-- Records shown follows --

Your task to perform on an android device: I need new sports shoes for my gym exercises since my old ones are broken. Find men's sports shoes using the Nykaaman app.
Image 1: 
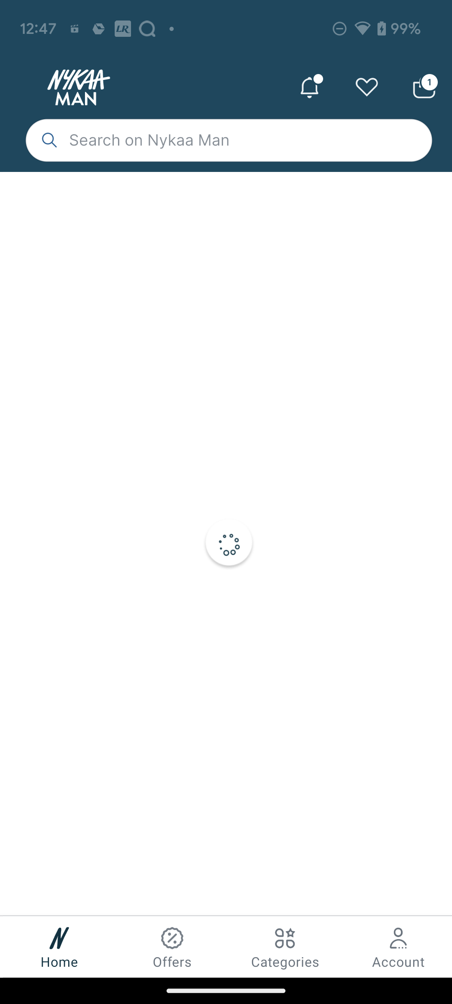
Open Nykaaman app
Step 1: wait
Image 2: 
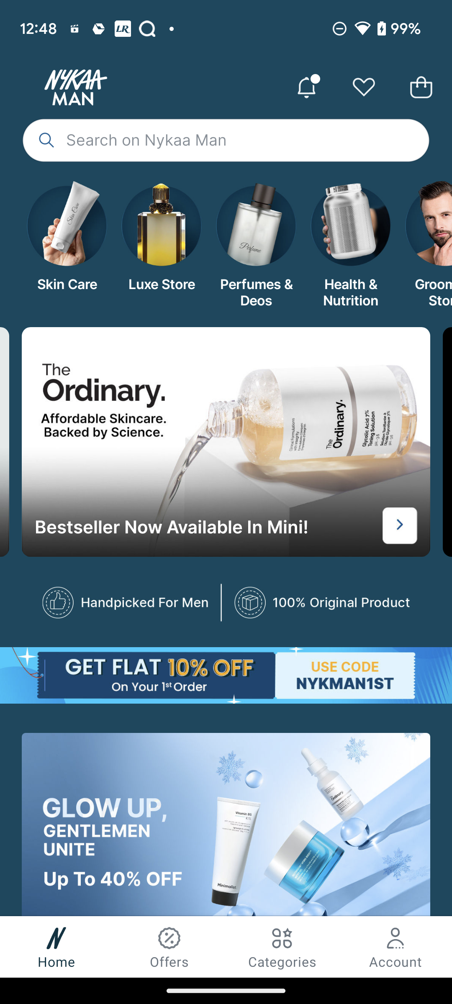
Click on the search bar at the top of the screen
Step 2: click (226, 140)
Image 3: 
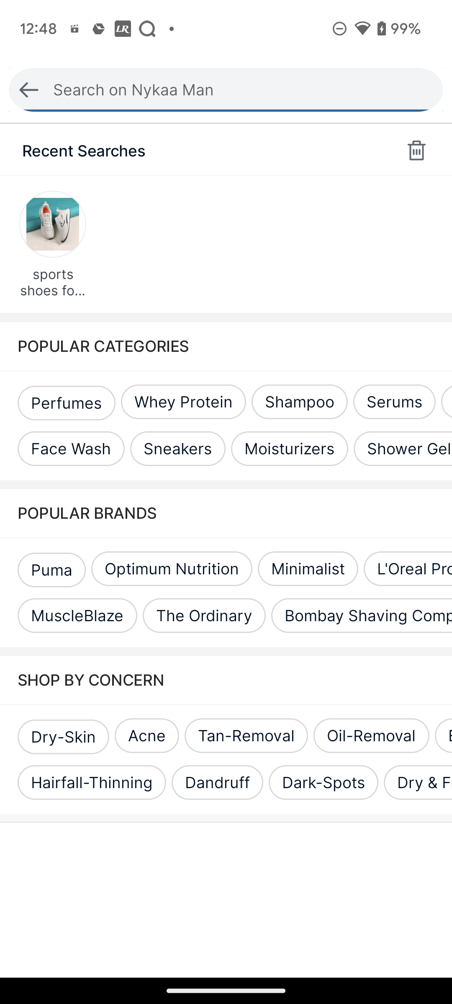
Search for sports shoes
Step 3: type "sports shoes"
Image 4: 
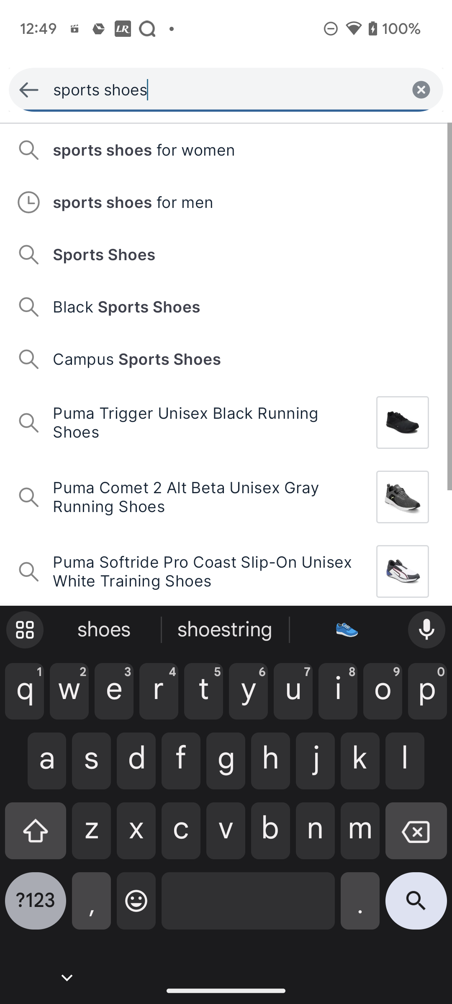
Click on sports shoes for men from the search suggestions
Step 4: click (244, 202)

-- Records shown concluded --

Your response should be made up of the lines in the data that contain the word "Step".

Step 1: wait
Step 2: click (226, 140)
Step 3: type "sports shoes"
Step 4: click (244, 202)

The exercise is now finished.